■ PROBLEM DETAILS ■
Once the pictures are set aside, print the records that follow exactly as written.

■ Collected data entries ■
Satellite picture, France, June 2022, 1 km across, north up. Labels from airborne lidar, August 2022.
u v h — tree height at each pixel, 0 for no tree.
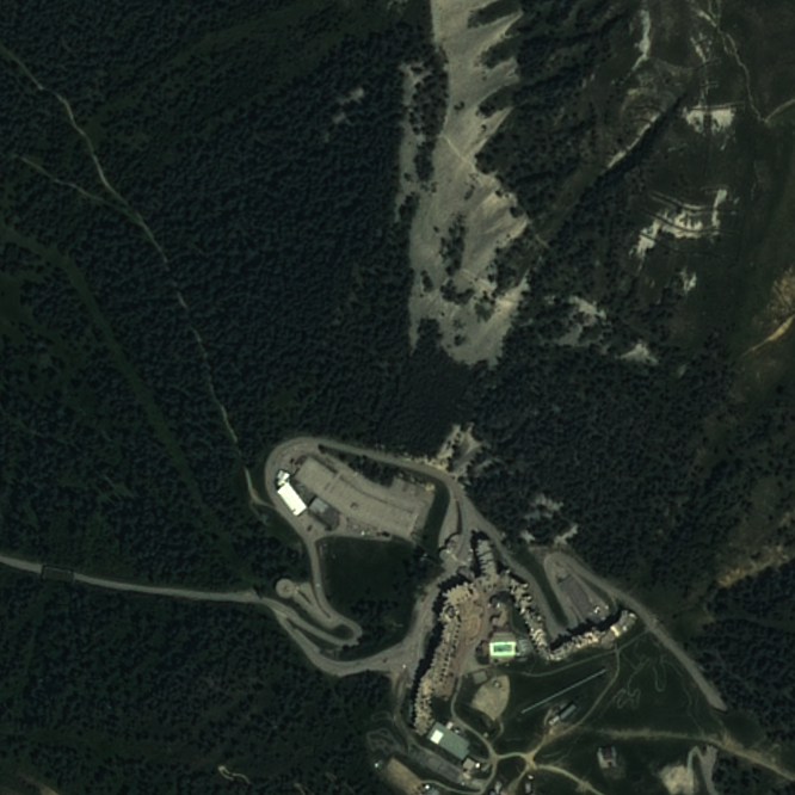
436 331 9
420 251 0
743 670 17
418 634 0
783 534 15
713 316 0
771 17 0
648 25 0
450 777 0
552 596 0
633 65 0
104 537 7
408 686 0
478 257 0
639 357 0
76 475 6
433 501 0
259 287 18
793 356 0
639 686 0
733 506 12
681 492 18
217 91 12
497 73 0
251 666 18
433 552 0
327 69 23
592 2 0
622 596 0
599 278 0
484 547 0
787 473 13
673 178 0
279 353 23
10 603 16
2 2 18
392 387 10
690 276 0
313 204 25
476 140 0
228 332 25
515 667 0
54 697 18
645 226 0
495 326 0
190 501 28
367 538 0
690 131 0
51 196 26
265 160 25
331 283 22
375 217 16
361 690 9
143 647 7
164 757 13
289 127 9
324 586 0
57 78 25
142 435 12
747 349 0
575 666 0
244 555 18
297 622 0
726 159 0
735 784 14
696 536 15
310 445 0
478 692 0
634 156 8
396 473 11
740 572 0
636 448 6
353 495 0
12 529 10
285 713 16
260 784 19
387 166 12
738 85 0
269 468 0
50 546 11
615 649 0
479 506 12
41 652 8
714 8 0
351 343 16
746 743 0
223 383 6
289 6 12
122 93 13
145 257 22
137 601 8
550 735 0
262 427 19
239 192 20
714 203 0
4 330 0
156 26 25
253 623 6
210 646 19
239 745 18
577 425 12
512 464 10
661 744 0
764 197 0
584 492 19
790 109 0
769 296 0
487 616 0
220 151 28
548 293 14
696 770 0
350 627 0
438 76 12
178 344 21
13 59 0
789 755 0
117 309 18
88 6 26
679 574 7
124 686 11
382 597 0
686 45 0
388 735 0
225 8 25
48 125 30
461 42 0
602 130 0
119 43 11
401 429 11
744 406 8
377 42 18
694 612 0
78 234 18
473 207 0
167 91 9
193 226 28
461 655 0
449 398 6
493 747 0
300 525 0
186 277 15
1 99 29
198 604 6
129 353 13
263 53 10
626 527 10
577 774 0
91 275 17
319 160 21
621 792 0
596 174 0
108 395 24
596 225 12
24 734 13
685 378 10
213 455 23
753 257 0
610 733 0
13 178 17
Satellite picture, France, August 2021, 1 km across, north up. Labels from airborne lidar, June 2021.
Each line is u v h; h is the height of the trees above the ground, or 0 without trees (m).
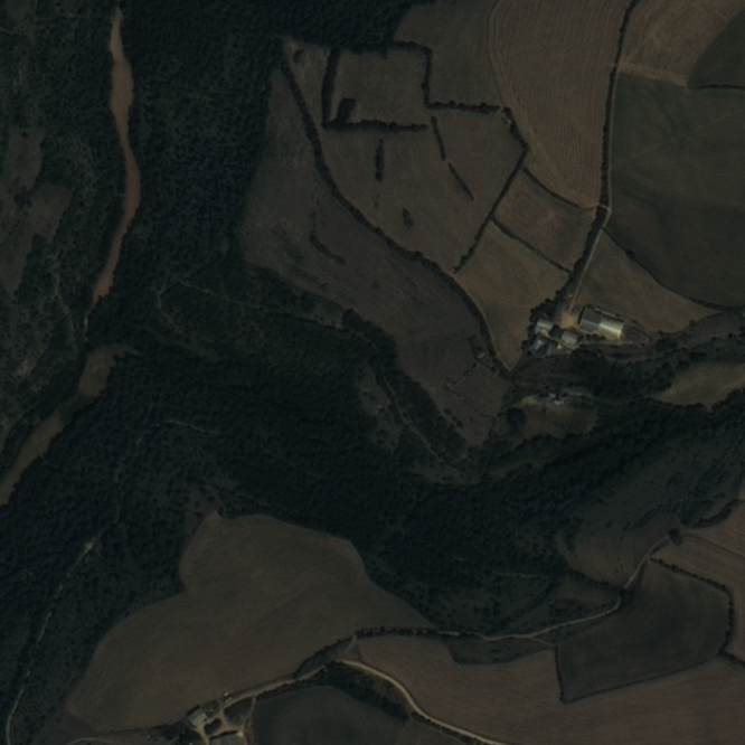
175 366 11
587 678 0
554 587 9
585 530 0
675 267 0
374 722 0
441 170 0
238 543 0
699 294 0
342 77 0
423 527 11
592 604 0
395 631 8
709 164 0
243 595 0
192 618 0
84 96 8
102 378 0
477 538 8
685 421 19
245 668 0
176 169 9
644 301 0
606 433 12
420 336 0
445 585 8
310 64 0
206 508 0
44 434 0
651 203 0
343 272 0
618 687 0
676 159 0
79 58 6
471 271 0
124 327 10
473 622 0
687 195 0
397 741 0
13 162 0
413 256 9
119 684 0
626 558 0
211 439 6
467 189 7
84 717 0
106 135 9
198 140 11
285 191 0
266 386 17
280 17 7
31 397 6
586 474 8
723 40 0
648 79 0
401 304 0
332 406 8
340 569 0
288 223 0
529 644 0
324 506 11
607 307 0
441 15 0
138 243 7
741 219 0
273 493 9
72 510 8
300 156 0
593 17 0
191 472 7
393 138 0
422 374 0
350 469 11
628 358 7
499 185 0
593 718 0
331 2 8
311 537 0
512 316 0
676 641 0
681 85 0
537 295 0
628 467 13
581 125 0
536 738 0
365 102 0
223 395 6
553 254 0
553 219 0
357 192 0
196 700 0
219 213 11
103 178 7
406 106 0
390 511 8
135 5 12
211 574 0
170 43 6
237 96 8
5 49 6
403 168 0
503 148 0
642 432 10
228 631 0
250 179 7
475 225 0
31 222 0
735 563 0
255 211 0
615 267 0
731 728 0
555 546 6
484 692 0
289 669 0
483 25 0
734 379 0
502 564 8
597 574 0
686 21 0
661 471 0
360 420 10
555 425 0
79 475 8
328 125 8
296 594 0
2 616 10
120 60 0
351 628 0
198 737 6
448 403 0
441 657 0
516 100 0
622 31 7
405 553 13
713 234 0
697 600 0
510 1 0
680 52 0
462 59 0
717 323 0
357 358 6
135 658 0
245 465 9
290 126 0
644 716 0
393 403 7
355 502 11
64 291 7
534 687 0
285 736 0
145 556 7
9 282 0
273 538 0
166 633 0
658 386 8
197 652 0
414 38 0
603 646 0
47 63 11
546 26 0
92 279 10
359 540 11
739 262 0
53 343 9
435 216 0
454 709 0
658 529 0
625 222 0
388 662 0
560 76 0
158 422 8
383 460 11
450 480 9
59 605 8
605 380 6
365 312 0
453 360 0
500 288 0
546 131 0
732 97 0
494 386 0
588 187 0
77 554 10
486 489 14
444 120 0
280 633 0
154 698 0
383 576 9
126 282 10
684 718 0
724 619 0
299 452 9
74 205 9
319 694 0
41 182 10
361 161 0
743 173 0
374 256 0
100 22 13
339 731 0
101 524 10
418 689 0
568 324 0
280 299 7
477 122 0
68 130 7
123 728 0
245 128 9
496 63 0
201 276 8
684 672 0

■ EXERCISE SOLUTION ■
Satellite picture, France, June 2022, 1 km across, north up. Labels from airborne lidar, August 2022.
u v h — tree height at each pixel, 0 for no tree.
436 331 9
420 251 0
743 670 17
418 634 0
783 534 15
713 316 0
771 17 0
648 25 0
450 777 0
552 596 0
633 65 0
104 537 7
408 686 0
478 257 0
639 357 0
76 475 6
433 501 0
259 287 18
793 356 0
639 686 0
733 506 12
681 492 18
217 91 12
497 73 0
251 666 18
433 552 0
327 69 23
592 2 0
622 596 0
599 278 0
484 547 0
787 473 13
673 178 0
279 353 23
10 603 16
2 2 18
392 387 10
690 276 0
313 204 25
476 140 0
228 332 25
515 667 0
54 697 18
645 226 0
495 326 0
190 501 28
367 538 0
690 131 0
51 196 26
265 160 25
331 283 22
375 217 16
361 690 9
143 647 7
164 757 13
289 127 9
324 586 0
57 78 25
142 435 12
747 349 0
575 666 0
244 555 18
297 622 0
726 159 0
735 784 14
696 536 15
310 445 0
478 692 0
634 156 8
396 473 11
740 572 0
636 448 6
353 495 0
12 529 10
285 713 16
260 784 19
387 166 12
738 85 0
269 468 0
50 546 11
615 649 0
479 506 12
41 652 8
714 8 0
351 343 16
746 743 0
223 383 6
289 6 12
122 93 13
145 257 22
137 601 8
550 735 0
262 427 19
239 192 20
714 203 0
4 330 0
156 26 25
253 623 6
210 646 19
239 745 18
577 425 12
512 464 10
661 744 0
764 197 0
584 492 19
790 109 0
769 296 0
487 616 0
220 151 28
548 293 14
696 770 0
350 627 0
438 76 12
178 344 21
13 59 0
789 755 0
117 309 18
88 6 26
679 574 7
124 686 11
382 597 0
686 45 0
388 735 0
225 8 25
48 125 30
461 42 0
602 130 0
119 43 11
401 429 11
744 406 8
377 42 18
694 612 0
78 234 18
473 207 0
167 91 9
193 226 28
461 655 0
449 398 6
493 747 0
300 525 0
186 277 15
1 99 29
198 604 6
129 353 13
263 53 10
626 527 10
577 774 0
91 275 17
319 160 21
621 792 0
596 174 0
108 395 24
596 225 12
24 734 13
685 378 10
213 455 23
753 257 0
610 733 0
13 178 17
Satellite picture, France, August 2021, 1 km across, north up. Labels from airborne lidar, June 2021.
Each line is u v h; h is the height of the trees above the ground, or 0 without trees (m).
175 366 11
587 678 0
554 587 9
585 530 0
675 267 0
374 722 0
441 170 0
238 543 0
699 294 0
342 77 0
423 527 11
592 604 0
395 631 8
709 164 0
243 595 0
192 618 0
84 96 8
102 378 0
477 538 8
685 421 19
245 668 0
176 169 9
644 301 0
606 433 12
420 336 0
445 585 8
310 64 0
206 508 0
44 434 0
651 203 0
343 272 0
618 687 0
676 159 0
79 58 6
471 271 0
124 327 10
473 622 0
687 195 0
397 741 0
13 162 0
413 256 9
119 684 0
626 558 0
211 439 6
467 189 7
84 717 0
106 135 9
198 140 11
285 191 0
266 386 17
280 17 7
31 397 6
586 474 8
723 40 0
648 79 0
401 304 0
332 406 8
340 569 0
288 223 0
529 644 0
324 506 11
607 307 0
441 15 0
138 243 7
741 219 0
273 493 9
72 510 8
300 156 0
593 17 0
191 472 7
393 138 0
422 374 0
350 469 11
628 358 7
499 185 0
593 718 0
331 2 8
311 537 0
512 316 0
676 641 0
681 85 0
537 295 0
628 467 13
581 125 0
536 738 0
365 102 0
223 395 6
553 254 0
553 219 0
357 192 0
196 700 0
219 213 11
103 178 7
406 106 0
390 511 8
135 5 12
211 574 0
170 43 6
237 96 8
5 49 6
403 168 0
503 148 0
642 432 10
228 631 0
250 179 7
475 225 0
31 222 0
735 563 0
255 211 0
615 267 0
731 728 0
555 546 6
484 692 0
289 669 0
483 25 0
734 379 0
502 564 8
597 574 0
686 21 0
661 471 0
360 420 10
555 425 0
79 475 8
328 125 8
296 594 0
2 616 10
120 60 0
351 628 0
198 737 6
448 403 0
441 657 0
516 100 0
622 31 7
405 553 13
713 234 0
697 600 0
510 1 0
680 52 0
462 59 0
717 323 0
357 358 6
135 658 0
245 465 9
290 126 0
644 716 0
393 403 7
355 502 11
64 291 7
534 687 0
285 736 0
145 556 7
9 282 0
273 538 0
166 633 0
658 386 8
197 652 0
414 38 0
603 646 0
47 63 11
546 26 0
92 279 10
359 540 11
739 262 0
53 343 9
435 216 0
454 709 0
658 529 0
625 222 0
388 662 0
560 76 0
158 422 8
383 460 11
450 480 9
59 605 8
605 380 6
365 312 0
453 360 0
500 288 0
546 131 0
732 97 0
494 386 0
588 187 0
77 554 10
486 489 14
444 120 0
280 633 0
154 698 0
383 576 9
126 282 10
684 718 0
724 619 0
299 452 9
74 205 9
319 694 0
41 182 10
361 161 0
743 173 0
374 256 0
100 22 13
339 731 0
101 524 10
418 689 0
568 324 0
280 299 7
477 122 0
68 130 7
123 728 0
245 128 9
496 63 0
201 276 8
684 672 0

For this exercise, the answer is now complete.